--- Data provided Enclosed Below ---
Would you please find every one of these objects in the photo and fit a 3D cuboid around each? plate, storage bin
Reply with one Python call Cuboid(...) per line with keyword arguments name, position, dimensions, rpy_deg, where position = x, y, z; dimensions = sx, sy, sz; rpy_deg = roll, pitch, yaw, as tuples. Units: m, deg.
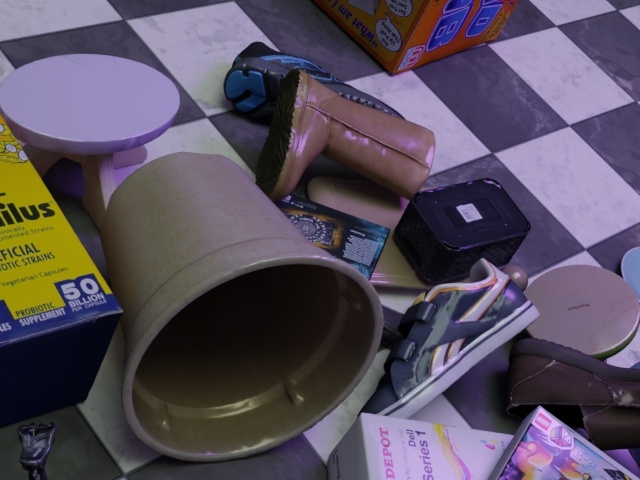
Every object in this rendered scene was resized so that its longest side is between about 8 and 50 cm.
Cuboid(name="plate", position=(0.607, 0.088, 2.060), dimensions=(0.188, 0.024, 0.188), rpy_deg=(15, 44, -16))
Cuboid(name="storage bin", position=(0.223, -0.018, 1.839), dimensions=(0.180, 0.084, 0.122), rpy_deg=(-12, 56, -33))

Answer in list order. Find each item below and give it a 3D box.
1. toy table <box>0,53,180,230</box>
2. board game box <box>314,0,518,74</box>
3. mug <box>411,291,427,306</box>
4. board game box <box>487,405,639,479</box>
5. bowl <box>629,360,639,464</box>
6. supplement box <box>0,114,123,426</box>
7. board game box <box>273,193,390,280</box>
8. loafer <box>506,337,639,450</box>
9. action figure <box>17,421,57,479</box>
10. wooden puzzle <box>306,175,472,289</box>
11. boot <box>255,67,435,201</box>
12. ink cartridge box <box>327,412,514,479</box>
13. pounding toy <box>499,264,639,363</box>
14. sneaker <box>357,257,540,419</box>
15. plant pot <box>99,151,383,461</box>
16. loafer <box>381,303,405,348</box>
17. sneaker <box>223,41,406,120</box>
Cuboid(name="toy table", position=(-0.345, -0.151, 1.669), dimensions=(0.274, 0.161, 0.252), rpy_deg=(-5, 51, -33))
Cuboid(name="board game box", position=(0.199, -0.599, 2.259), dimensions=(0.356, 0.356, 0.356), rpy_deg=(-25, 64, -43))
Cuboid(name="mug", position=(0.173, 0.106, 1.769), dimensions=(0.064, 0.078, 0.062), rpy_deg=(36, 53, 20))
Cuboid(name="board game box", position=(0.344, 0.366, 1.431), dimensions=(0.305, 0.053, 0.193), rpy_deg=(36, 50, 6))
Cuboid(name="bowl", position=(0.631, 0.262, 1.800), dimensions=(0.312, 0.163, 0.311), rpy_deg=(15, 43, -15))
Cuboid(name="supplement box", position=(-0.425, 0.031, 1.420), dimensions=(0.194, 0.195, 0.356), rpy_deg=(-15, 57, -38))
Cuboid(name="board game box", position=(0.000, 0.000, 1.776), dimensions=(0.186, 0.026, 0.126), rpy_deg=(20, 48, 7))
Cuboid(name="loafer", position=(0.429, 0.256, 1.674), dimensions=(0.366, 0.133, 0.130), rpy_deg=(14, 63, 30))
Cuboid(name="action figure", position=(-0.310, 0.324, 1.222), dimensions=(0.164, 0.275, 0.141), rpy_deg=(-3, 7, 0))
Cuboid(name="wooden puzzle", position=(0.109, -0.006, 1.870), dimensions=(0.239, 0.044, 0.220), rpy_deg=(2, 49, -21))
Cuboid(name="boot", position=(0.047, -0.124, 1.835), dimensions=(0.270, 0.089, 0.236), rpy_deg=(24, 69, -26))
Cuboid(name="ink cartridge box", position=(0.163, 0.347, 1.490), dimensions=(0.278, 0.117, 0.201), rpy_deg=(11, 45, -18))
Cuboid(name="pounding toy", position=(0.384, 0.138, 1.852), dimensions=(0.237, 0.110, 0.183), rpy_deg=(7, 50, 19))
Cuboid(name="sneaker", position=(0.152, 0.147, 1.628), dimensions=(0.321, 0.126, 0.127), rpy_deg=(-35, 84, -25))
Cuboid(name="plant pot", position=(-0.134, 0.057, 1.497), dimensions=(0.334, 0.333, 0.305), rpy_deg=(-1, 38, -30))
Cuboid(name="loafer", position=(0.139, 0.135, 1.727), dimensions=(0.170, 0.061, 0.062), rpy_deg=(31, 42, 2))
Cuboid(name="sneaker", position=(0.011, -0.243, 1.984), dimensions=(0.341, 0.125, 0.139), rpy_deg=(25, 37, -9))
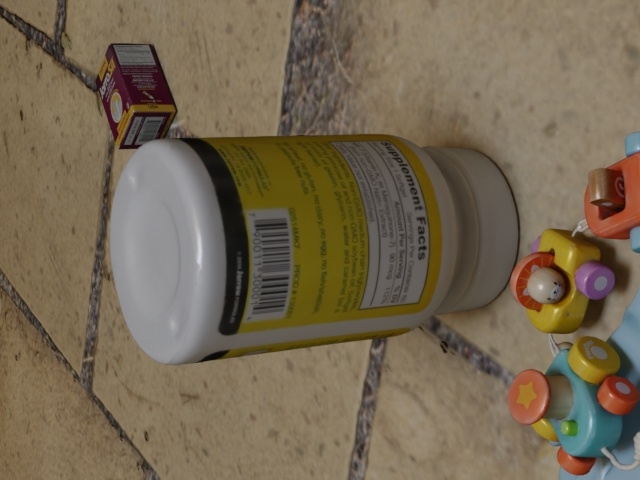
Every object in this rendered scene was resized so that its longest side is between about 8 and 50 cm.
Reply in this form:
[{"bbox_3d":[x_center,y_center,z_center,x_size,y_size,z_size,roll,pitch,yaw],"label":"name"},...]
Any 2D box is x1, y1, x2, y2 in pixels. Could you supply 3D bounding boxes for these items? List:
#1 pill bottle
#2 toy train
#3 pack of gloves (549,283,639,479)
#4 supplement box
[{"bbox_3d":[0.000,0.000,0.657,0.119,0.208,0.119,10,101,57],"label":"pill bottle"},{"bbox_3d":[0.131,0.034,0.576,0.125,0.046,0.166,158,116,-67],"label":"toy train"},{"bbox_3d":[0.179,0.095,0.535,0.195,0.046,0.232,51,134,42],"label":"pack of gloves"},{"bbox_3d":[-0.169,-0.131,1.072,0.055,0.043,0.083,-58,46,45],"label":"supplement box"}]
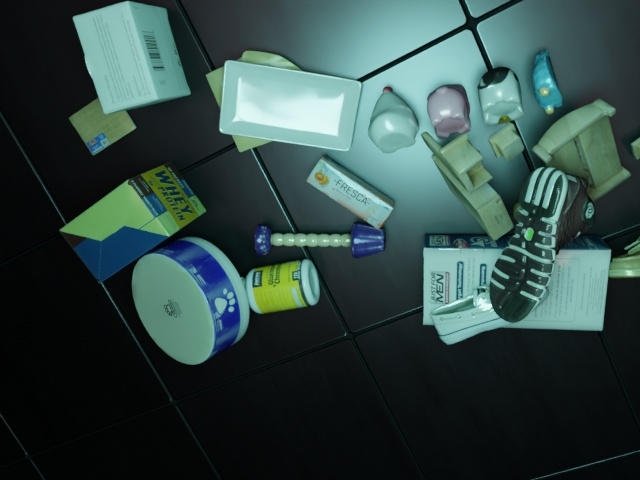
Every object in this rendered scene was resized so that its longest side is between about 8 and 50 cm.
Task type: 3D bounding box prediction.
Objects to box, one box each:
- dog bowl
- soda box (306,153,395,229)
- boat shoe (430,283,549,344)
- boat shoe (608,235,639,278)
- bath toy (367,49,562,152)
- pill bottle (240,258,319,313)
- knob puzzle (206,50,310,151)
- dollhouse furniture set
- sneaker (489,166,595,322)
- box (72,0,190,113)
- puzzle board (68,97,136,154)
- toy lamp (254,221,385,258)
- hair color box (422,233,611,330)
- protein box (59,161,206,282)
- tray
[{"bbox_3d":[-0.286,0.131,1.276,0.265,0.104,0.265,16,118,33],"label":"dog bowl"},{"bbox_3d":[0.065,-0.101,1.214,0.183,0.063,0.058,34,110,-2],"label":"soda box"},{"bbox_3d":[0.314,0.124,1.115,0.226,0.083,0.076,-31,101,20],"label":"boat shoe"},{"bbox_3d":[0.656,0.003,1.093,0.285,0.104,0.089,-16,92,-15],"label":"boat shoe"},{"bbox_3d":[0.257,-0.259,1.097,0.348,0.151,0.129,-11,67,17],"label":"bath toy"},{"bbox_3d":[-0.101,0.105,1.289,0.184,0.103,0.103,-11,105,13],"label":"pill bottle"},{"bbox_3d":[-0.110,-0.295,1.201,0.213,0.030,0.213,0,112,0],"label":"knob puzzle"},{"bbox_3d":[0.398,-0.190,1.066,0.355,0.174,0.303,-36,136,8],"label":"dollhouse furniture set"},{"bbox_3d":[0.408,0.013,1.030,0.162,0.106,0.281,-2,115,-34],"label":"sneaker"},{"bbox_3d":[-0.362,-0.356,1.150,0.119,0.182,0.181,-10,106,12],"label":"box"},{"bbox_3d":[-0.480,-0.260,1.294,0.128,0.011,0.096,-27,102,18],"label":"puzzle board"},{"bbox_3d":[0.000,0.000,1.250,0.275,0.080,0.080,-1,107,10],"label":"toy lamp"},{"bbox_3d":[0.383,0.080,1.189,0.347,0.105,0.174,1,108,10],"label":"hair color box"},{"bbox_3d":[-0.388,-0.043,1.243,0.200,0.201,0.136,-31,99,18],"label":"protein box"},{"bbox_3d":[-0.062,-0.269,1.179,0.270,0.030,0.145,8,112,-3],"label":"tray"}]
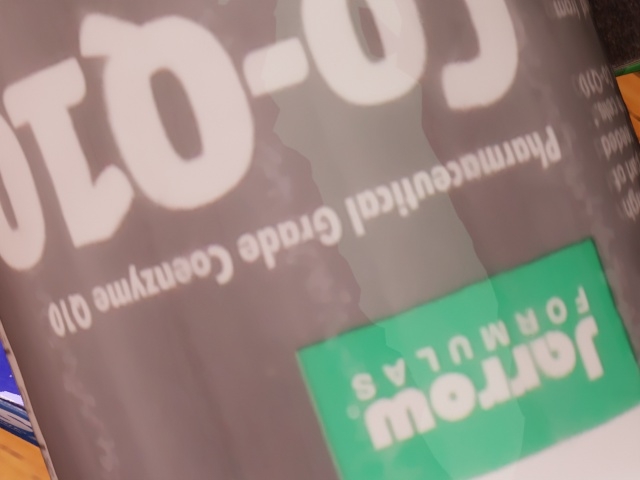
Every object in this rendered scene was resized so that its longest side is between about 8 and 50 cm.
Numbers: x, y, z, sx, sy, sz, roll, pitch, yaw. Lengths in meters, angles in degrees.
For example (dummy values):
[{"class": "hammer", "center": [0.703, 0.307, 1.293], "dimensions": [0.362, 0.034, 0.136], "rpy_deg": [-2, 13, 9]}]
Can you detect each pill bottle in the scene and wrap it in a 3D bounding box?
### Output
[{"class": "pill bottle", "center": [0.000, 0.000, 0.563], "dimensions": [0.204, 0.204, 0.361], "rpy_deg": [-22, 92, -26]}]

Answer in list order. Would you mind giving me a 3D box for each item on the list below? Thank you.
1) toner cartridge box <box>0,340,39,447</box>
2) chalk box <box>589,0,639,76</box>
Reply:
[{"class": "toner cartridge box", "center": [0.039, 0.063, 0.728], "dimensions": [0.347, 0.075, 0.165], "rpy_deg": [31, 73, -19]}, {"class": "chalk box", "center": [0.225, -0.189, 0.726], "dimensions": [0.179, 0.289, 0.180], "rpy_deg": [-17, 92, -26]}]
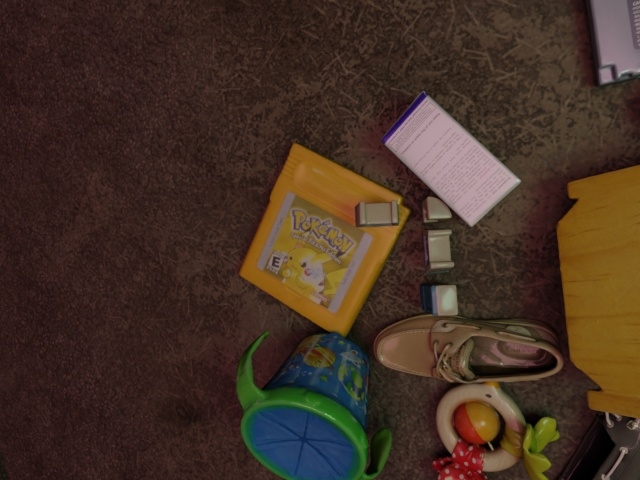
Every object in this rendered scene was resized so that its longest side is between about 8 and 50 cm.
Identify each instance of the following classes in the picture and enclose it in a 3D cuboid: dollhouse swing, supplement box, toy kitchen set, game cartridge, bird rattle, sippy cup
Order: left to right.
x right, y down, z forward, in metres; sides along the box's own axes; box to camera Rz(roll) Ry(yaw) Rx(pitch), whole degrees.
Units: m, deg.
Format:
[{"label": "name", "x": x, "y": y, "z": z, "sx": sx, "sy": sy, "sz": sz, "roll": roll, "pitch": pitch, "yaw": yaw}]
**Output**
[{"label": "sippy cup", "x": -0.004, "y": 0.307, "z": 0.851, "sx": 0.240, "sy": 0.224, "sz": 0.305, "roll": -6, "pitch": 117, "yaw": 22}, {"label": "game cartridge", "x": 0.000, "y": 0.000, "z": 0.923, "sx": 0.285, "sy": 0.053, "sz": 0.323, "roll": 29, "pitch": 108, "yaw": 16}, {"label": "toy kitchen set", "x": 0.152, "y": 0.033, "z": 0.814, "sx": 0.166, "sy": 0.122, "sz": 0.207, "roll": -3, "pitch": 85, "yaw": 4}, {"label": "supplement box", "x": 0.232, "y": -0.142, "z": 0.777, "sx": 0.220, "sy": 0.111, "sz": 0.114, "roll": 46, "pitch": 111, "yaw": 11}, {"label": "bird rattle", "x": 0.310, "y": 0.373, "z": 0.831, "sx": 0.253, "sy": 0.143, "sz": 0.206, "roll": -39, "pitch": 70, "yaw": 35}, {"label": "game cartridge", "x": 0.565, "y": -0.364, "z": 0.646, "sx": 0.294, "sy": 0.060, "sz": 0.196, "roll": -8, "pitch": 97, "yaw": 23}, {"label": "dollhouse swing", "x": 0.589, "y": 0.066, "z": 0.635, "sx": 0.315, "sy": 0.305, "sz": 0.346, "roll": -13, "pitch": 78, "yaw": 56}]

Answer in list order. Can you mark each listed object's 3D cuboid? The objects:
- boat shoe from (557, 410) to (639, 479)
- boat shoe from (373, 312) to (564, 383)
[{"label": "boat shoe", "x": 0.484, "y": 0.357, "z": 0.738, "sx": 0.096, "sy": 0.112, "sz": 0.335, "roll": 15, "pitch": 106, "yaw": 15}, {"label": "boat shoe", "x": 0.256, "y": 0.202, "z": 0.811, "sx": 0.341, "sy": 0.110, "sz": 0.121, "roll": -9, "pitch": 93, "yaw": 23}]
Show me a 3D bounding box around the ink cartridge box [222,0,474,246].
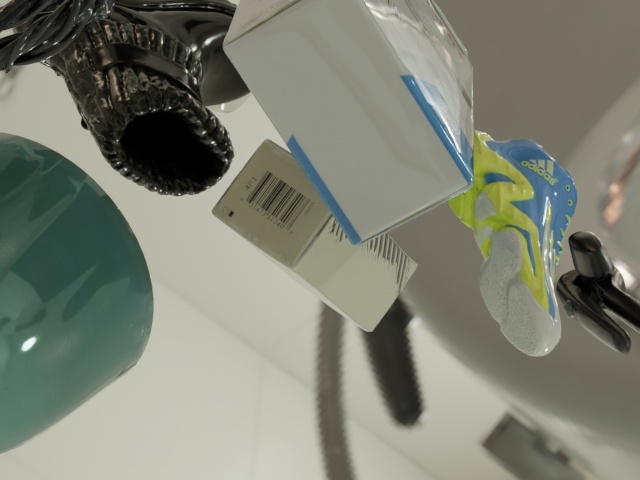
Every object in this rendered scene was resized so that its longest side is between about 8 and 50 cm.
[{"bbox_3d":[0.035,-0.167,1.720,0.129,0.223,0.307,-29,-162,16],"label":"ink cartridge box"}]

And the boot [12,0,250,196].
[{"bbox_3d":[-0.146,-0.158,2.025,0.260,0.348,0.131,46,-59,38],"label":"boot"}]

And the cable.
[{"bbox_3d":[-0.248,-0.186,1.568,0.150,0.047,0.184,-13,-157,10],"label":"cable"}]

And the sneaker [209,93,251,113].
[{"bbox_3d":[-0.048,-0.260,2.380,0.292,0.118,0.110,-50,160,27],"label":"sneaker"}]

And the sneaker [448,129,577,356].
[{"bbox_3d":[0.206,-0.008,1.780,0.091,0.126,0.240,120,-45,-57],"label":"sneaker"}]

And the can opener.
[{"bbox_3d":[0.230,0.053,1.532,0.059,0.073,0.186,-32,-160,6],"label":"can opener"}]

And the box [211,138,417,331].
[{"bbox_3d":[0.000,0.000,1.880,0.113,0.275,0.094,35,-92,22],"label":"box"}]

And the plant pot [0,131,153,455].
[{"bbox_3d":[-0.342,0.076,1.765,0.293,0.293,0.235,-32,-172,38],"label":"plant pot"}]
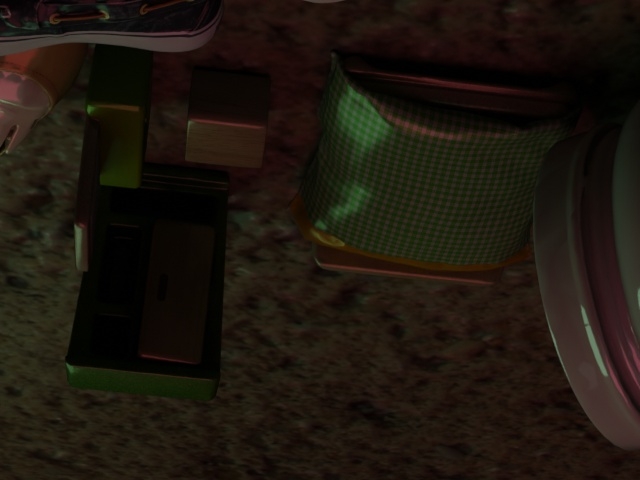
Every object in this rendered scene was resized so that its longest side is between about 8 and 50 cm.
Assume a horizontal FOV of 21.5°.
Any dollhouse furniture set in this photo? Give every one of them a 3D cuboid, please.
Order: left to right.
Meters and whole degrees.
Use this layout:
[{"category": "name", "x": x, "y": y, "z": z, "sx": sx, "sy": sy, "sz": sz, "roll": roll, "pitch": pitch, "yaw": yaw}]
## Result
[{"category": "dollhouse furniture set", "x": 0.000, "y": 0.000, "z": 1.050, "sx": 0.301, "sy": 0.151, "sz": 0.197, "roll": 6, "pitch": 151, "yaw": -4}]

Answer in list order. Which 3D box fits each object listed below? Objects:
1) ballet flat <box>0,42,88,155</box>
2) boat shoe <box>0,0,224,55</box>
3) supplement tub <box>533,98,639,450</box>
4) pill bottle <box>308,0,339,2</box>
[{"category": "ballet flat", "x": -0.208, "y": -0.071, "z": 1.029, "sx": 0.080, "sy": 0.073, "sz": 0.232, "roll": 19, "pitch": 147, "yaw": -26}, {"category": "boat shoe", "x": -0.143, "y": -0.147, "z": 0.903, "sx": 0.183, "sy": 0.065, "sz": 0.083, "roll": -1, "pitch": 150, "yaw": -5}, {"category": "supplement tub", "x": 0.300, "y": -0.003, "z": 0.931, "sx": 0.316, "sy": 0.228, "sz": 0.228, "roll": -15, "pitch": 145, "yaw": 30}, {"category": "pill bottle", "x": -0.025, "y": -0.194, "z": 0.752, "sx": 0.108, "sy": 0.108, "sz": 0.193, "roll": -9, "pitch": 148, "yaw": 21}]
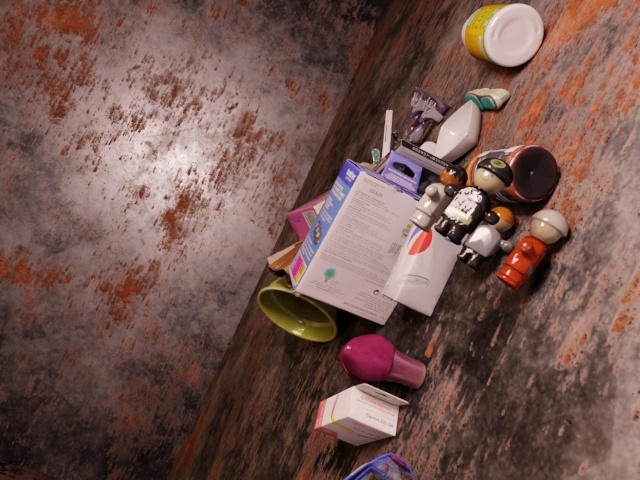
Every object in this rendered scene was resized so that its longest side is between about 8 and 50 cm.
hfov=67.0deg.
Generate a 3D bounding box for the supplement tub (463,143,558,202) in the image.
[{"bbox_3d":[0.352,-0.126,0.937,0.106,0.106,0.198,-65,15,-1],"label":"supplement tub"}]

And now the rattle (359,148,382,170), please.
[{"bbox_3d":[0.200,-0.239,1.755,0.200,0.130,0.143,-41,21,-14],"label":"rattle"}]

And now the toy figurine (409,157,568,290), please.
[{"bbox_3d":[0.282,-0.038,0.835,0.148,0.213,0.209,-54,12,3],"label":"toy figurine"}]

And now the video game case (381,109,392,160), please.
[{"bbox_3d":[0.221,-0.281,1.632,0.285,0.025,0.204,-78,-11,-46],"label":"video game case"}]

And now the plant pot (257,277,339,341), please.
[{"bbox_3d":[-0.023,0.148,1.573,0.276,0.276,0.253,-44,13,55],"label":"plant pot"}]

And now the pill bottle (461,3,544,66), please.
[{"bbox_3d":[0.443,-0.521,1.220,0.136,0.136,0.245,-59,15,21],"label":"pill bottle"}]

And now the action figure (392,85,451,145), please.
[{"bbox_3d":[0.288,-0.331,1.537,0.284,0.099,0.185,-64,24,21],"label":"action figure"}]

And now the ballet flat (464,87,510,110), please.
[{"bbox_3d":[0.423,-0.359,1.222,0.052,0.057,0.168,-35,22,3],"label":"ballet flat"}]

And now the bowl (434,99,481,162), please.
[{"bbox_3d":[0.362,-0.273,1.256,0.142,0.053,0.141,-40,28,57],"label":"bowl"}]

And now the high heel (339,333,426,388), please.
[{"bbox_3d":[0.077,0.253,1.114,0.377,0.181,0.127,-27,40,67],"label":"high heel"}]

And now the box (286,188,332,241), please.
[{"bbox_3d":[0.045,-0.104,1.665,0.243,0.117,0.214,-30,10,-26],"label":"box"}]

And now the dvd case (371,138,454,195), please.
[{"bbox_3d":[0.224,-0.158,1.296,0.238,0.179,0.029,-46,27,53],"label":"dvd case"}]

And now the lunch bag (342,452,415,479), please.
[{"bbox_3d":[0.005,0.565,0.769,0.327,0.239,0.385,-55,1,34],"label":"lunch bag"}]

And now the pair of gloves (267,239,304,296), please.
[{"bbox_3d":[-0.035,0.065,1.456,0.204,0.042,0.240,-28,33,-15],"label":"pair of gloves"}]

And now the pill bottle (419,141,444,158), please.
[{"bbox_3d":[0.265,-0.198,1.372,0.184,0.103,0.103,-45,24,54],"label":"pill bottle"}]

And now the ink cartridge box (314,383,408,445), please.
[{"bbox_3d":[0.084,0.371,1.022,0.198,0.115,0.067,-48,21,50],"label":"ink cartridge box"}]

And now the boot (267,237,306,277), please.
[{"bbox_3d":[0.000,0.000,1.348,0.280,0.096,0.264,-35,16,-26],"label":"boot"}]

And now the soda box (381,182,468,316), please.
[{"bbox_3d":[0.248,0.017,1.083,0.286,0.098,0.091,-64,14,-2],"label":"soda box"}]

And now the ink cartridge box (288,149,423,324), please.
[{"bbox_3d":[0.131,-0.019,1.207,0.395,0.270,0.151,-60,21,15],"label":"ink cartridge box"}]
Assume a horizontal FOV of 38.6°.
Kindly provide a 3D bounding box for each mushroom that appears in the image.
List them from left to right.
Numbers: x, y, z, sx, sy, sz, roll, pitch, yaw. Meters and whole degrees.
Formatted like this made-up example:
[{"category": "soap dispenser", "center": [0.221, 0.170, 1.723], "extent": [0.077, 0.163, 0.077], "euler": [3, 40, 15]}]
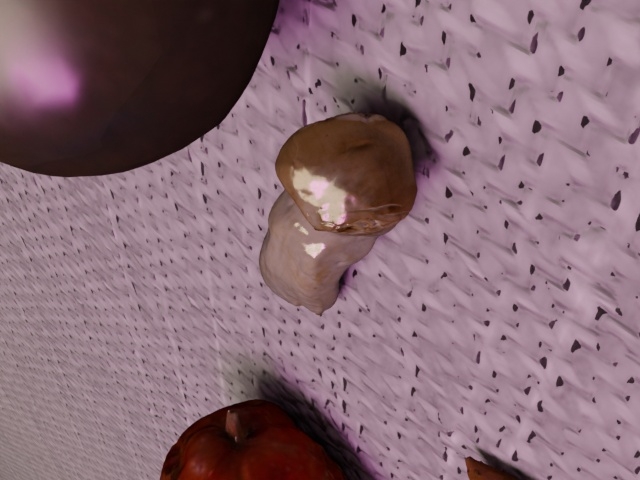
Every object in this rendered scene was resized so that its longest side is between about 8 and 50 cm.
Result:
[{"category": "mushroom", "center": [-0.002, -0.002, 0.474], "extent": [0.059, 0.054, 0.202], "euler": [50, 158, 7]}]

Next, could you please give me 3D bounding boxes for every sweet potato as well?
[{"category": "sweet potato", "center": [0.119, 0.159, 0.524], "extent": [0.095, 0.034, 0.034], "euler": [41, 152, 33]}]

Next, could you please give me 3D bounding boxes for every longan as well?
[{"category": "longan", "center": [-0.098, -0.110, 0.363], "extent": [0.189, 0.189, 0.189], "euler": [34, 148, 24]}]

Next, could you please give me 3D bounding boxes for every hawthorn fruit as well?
--- End of Enclosed Data provided ---
**Exercise instructions**
The line that contains "And now the ink cartridge box (314,383,408,445), please." opens the part to copy, and the last line of the records closes it; set down those lines exactly, pictures excluded.

**Solution**
And now the ink cartridge box (314,383,408,445), please.
[{"bbox_3d":[0.084,0.371,1.022,0.198,0.115,0.067,-48,21,50],"label":"ink cartridge box"}]

And now the boot (267,237,306,277), please.
[{"bbox_3d":[0.000,0.000,1.348,0.280,0.096,0.264,-35,16,-26],"label":"boot"}]

And now the soda box (381,182,468,316), please.
[{"bbox_3d":[0.248,0.017,1.083,0.286,0.098,0.091,-64,14,-2],"label":"soda box"}]

And now the ink cartridge box (288,149,423,324), please.
[{"bbox_3d":[0.131,-0.019,1.207,0.395,0.270,0.151,-60,21,15],"label":"ink cartridge box"}]
Assume a horizontal FOV of 38.6°.
Kindly provide a 3D bounding box for each mushroom that appears in the image.
List them from left to right.
Numbers: x, y, z, sx, sy, sz, roll, pitch, yaw. Meters and whole degrees.
Formatted like this made-up example:
[{"category": "soap dispenser", "center": [0.221, 0.170, 1.723], "extent": [0.077, 0.163, 0.077], "euler": [3, 40, 15]}]
Every object in this rendered scene was resized so that its longest side is between about 8 and 50 cm.
Result:
[{"category": "mushroom", "center": [-0.002, -0.002, 0.474], "extent": [0.059, 0.054, 0.202], "euler": [50, 158, 7]}]

Next, could you please give me 3D bounding boxes for every sweet potato as well?
[{"category": "sweet potato", "center": [0.119, 0.159, 0.524], "extent": [0.095, 0.034, 0.034], "euler": [41, 152, 33]}]

Next, could you please give me 3D bounding boxes for every longan as well?
[{"category": "longan", "center": [-0.098, -0.110, 0.363], "extent": [0.189, 0.189, 0.189], "euler": [34, 148, 24]}]

Next, could you please give me 3D bounding boxes for every hawthorn fruit as well?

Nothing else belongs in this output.